You’ve written a series and also published a standalone—how do the experiences compare?
Writing a series is a very organic experience in terms of creating character/s. You get to build a relationship with them over time. As you develop characters, so more is revealed about them. There’s something very natural about the process. After all, you didn’t get to know your best friend overnight —it happened over a passage of time, which is perfectly natural. You learn as you reveal yourselves to each other. That’s how it feels creating a series, however, when you add mystery, there are great leaps of knowledge, empathy and understanding as you are tested together. Writing The Care and Management of Lies was a different experience—it had a different rhythm and pace, and sometimes I felt as if I was asking too many questions of Kezia, in particular. It was as if I was trying to get to know her deeply at a time when we’d only just met. Though the truth is she had been with me since I was 25—it just took about 30 years to write the novel. I’d like to write a sequel though—if only to reacquaint myself with her, and see how she’s fared over time.

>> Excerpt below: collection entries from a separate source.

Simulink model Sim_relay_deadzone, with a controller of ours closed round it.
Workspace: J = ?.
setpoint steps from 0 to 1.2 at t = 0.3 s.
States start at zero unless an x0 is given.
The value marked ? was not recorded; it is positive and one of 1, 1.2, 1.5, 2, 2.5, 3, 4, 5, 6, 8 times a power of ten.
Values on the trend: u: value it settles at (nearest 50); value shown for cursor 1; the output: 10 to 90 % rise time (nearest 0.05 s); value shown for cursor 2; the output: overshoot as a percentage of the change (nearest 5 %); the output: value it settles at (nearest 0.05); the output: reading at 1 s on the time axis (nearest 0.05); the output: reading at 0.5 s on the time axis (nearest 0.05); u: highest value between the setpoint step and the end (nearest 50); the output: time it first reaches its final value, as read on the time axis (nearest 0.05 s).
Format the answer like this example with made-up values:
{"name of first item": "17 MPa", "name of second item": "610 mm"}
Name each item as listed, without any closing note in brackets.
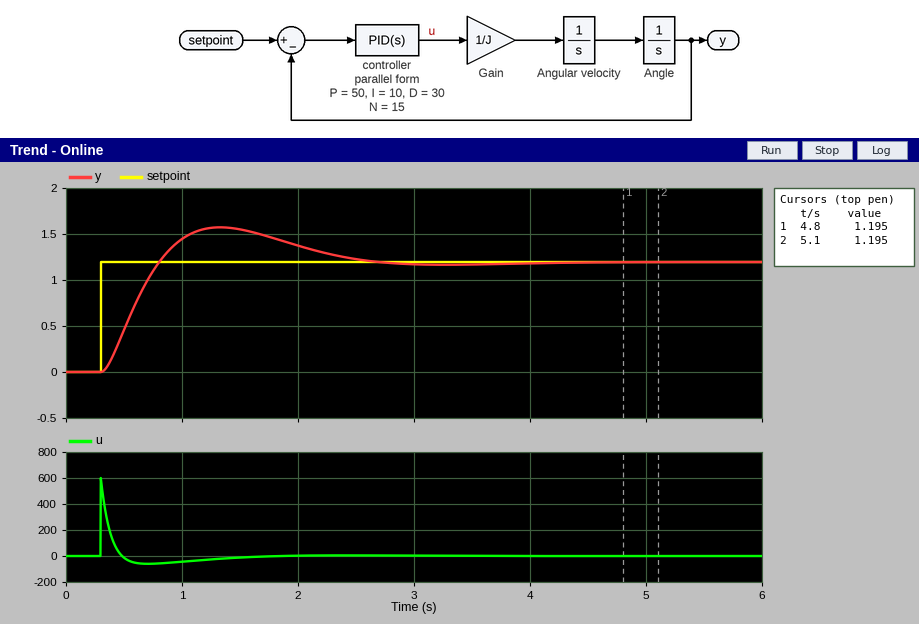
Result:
{"u: value it settles at": "0", "value shown for cursor 1": "1.195", "the output: 10 to 90 % rise time": "0.35 s", "value shown for cursor 2": "1.195", "the output: overshoot as a percentage of the change": "30 %", "the output: value it settles at": "1.20", "the output: reading at 1 s on the time axis": "1.45", "the output: reading at 0.5 s on the time axis": "0.45", "u: highest value between the setpoint step and the end": "600", "the output: time it first reaches its final value, as read on the time axis": "0.80 s"}
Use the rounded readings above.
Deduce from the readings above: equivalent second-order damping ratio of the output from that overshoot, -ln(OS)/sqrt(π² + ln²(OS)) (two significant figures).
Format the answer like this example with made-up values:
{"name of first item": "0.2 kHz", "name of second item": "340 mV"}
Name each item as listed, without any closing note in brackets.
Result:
{"equivalent second-order damping ratio of the output from that overshoot, -ln(OS)/sqrt(π² + ln²(OS))": "0.36"}
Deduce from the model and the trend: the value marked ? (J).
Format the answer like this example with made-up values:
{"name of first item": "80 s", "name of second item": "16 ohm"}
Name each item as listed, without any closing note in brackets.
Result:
{"the value marked ?": "12"}
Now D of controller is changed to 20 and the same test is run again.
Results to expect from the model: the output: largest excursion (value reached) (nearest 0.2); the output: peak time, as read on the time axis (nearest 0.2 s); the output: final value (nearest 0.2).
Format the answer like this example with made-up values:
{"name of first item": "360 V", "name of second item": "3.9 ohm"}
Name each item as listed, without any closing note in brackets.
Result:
{"the output: largest excursion (value reached)": "1.8", "the output: peak time, as read on the time axis": "1.4 s", "the output: final value": "1.2"}

Respect for the dead is a theme throughout the books, something I’ve appreciated as a reader who comes across too many corpses with no names in the works of others. What’s your advice to writers when it comes to making sure the dead are humanized, not exploited?
I think respect for the dead—whether villain or victim—is paramount. When I see movies or read books where the corpses start to stack up, I wonder who they were as babies just born, when their mother held her child for the first time. I wonder what happened to them as children, and what came to pass in life to bring them to a point leading to untimely death? I believe we cannot keep piling up the corpses without addressing the notion of grief, of shock, of deep despair that attends the passing of another. This asks the writer to consider the notion of sorrow, of the emotions that assail us when faced with death, and of course to explore what it means to have empathy for villain and victim. Of course writers who deal with death in comedy will see this from another angle. This is only my opinion and my approach—what works for one writer doesn’t necessarily work for another. When I write I do so from the heart—even if I am writing a light, comedic scene. I also think one of the most important questions a writer can ask, when placing a character in a scene, is “How would I feel if …?” Then of course you have to be prepared for a journey that simple question demands of you.